Paul Jenkins, rewelacyjny scenarzysta, który swego czasu przedstawił nam wybitnie ukazane dzieciństwo Logana w miniserii „Wolverine: Origin”, powraca by niemal w tym samym czasie pokazać nam staruszka Logana, zanim Mark Millar tak genialnie uchwycił postać w „Staruszku Loganie” i odkryć dalsze szczegóły jego przeszłości. I robi to znakomicie. Scenariusz to kawał dobrej roboty, która momentami ma iście rewelacyjne rzeczy. Jak na Jenkinsa przystało, mamy tu świetnie psychologicznie nakreślone postacie, ciekawie postawione pytania (o byciu ofiarą i szansy na pogodzenie się z tym, że nigdy nie zemści na swoich oprawcach), dużo emocji i nostalgii, sporo wzruszeń i smutku, nie brak też goryczy.

 


Ukochany temat Jenkinsa, czyli choroby i przemijanie, idealnie pasuje do tej opowieści. Autor eksploatował go zarówno wcześniej, jak i później, dając nam takie opowieści, jak „Hulk: Psy wojny” (Hulk cierpi na śmiertelną chorobę i tylko odrzucenie człowieczeństwa może dać mu szansę przetrwania pod władzą szmaragdowego olbrzyma) czy „The Spectacular Spider-Man: Głód” (Eddie umiera na raka i tylko pogrążenie się w odmętach Venoma i zatracanie siebie, pozwoli mu przetrwać - wątek co prawda skopiowany z losów Carnage'a, który przeszedł identyczną drogę, ale o niebo lepiej wykonany), ale za każdym razem, mimo wtórności, robi to wyśmienicie. I tak jest również tym razem. A do tego mamy świetną akcję i ciekawie ukazany świat przyszłości Marvela.

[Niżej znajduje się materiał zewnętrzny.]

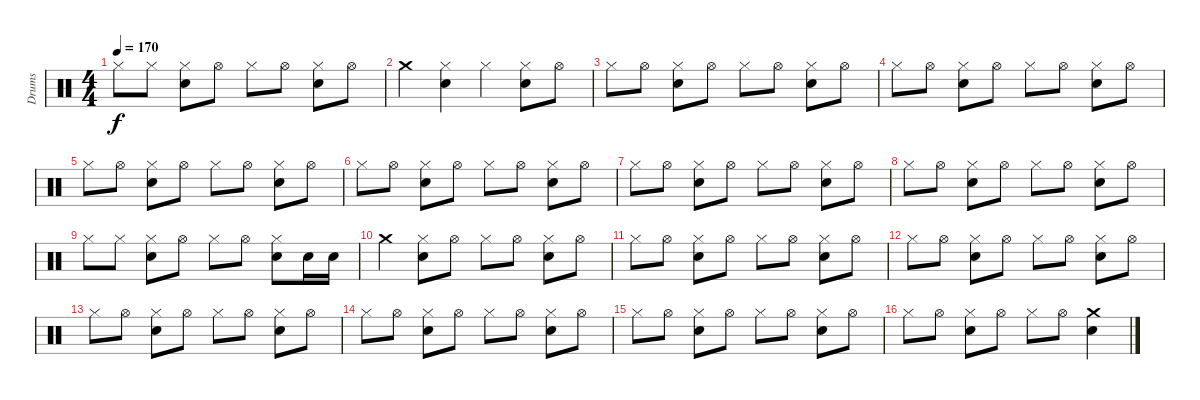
\track ("Drums" "Drums") {instrument percussion}
\staff {score}
\articulation defaults
\ts (4 4)
\tempo 170
\clef neutral
\ks c "Hi-Hat (closed)".8{dy f} "Hi-Hat (closed)".8
("Electric Snare (hit)" "Hi-Hat (closed)").8 "Hi-Hat (open)".8 "Hi-Hat (closed)".8 "Hi-Hat (open)".8 ("Electric Snare (hit)" "Hi-Hat (closed)").8 "Hi-Hat (open)".8 |
"Crash medium (hit)".4 ("Electric Snare (hit)" "Hi-Hat (closed)").4 "Hi-Hat (closed)".4 ("Electric Snare (hit)" "Hi-Hat (closed)").8 "Hi-Hat (open)".8 |
"Hi-Hat (closed)".8 "Hi-Hat (open)".8 ("Electric Snare (hit)" "Hi-Hat (closed)").8 "Hi-Hat (open)".8 "Hi-Hat (closed)".8 "Hi-Hat (open)".8 ("Electric Snare (hit)" "Hi-Hat (closed)").8 "Hi-Hat (open)".8 |
"Hi-Hat (closed)".8 "Hi-Hat (open)".8 ("Electric Snare (hit)" "Hi-Hat (closed)").8 "Hi-Hat (open)".8 "Hi-Hat (closed)".8 "Hi-Hat (open)".8 ("Electric Snare (hit)" "Hi-Hat (closed)").8 "Hi-Hat (open)".8 |
"Hi-Hat (closed)".8 "Hi-Hat (open)".8 ("Electric Snare (hit)" "Hi-Hat (closed)").8 "Hi-Hat (open)".8 "Hi-Hat (closed)".8 "Hi-Hat (open)".8 ("Electric Snare (hit)" "Hi-Hat (closed)").8 "Hi-Hat (open)".8 |
"Hi-Hat (closed)".8 "Hi-Hat (open)".8 ("Electric Snare (hit)" "Hi-Hat (closed)").8 "Hi-Hat (open)".8 "Hi-Hat (closed)".8 "Hi-Hat (open)".8 ("Electric Snare (hit)" "Hi-Hat (closed)").8 "Hi-Hat (open)".8 |
"Hi-Hat (closed)".8 "Hi-Hat (open)".8 ("Electric Snare (hit)" "Hi-Hat (closed)").8 "Hi-Hat (open)".8 "Hi-Hat (closed)".8 "Hi-Hat (open)".8 ("Electric Snare (hit)" "Hi-Hat (closed)").8 "Hi-Hat (open)".8 |
"Hi-Hat (closed)".8 "Hi-Hat (open)".8 ("Electric Snare (hit)" "Hi-Hat (closed)").8 "Hi-Hat (open)".8 "Hi-Hat (closed)".8 "Hi-Hat (open)".8 ("Electric Snare (hit)" "Hi-Hat (closed)").8 "Hi-Hat (open)".8 |
"Hi-Hat (closed)".8 "Hi-Hat (closed)".8 ("Electric Snare (hit)" "Hi-Hat (closed)").8 "Hi-Hat (open)".8 "Hi-Hat (closed)".8 "Hi-Hat (open)".8 ("Electric Snare (hit)" "Hi-Hat (closed)").8 "Electric Snare (hit)".16 "Electric Snare (hit)".16 |
"Crash medium (hit)".4 ("Electric Snare (hit)" "Hi-Hat (closed)").8 "Hi-Hat (open)".8 "Hi-Hat (closed)".8 "Hi-Hat (open)".8 ("Electric Snare (hit)" "Hi-Hat (closed)").8 "Hi-Hat (open)".8 |
"Hi-Hat (closed)".8 "Hi-Hat (open)".8 ("Electric Snare (hit)" "Hi-Hat (closed)").8 "Hi-Hat (open)".8 "Hi-Hat (closed)".8 "Hi-Hat (open)".8 ("Electric Snare (hit)" "Hi-Hat (closed)").8 "Hi-Hat (open)".8 |
"Hi-Hat (closed)".8 "Hi-Hat (open)".8 ("Electric Snare (hit)" "Hi-Hat (closed)").8 "Hi-Hat (open)".8 "Hi-Hat (closed)".8 "Hi-Hat (open)".8 ("Electric Snare (hit)" "Hi-Hat (closed)").8 "Hi-Hat (open)".8 |
"Hi-Hat (closed)".8 "Hi-Hat (open)".8 ("Electric Snare (hit)" "Hi-Hat (closed)").8 "Hi-Hat (open)".8 "Hi-Hat (closed)".8 "Hi-Hat (open)".8 ("Electric Snare (hit)" "Hi-Hat (closed)").8 "Hi-Hat (open)".8 |
"Hi-Hat (closed)".8 "Hi-Hat (open)".8 ("Electric Snare (hit)" "Hi-Hat (closed)").8 "Hi-Hat (open)".8 "Hi-Hat (closed)".8 "Hi-Hat (open)".8 ("Electric Snare (hit)" "Hi-Hat (closed)").8 "Hi-Hat (open)".8 |
"Hi-Hat (closed)".8 "Hi-Hat (open)".8 ("Electric Snare (hit)" "Hi-Hat (closed)").8 "Hi-Hat (open)".8 "Hi-Hat (closed)".8 "Hi-Hat (open)".8 ("Electric Snare (hit)" "Hi-Hat (closed)").8 "Hi-Hat (open)".8 |
"Hi-Hat (closed)".8 "Hi-Hat (open)".8 ("Electric Snare (hit)" "Hi-Hat (closed)").8 "Hi-Hat (open)".8 "Hi-Hat (closed)".8 "Hi-Hat (open)".8 ("Electric Snare (hit)" "Crash medium (hit)").4

Gorzej jest niestety z rysunkami, brak w nich świetności znanego z „Origin” Kuberta, ale nie znaczy to, że same w sobie są złe. Za dużo jest w nich jednak cartoonowości, zbyt wiele prostoty, czasem brakuje też konsekwencji. A mamy w końcu do czynienia z dojrzałym komiksem, do którego pasują realizm i mrok. Tak czy inaczej jednak warto „Koniec” poznać. To świetna opowieść i ktoś mógłby w końcu wznowić ją. Najlepiej w zbiorczym tomie razem z „Origin”. To byłoby coś.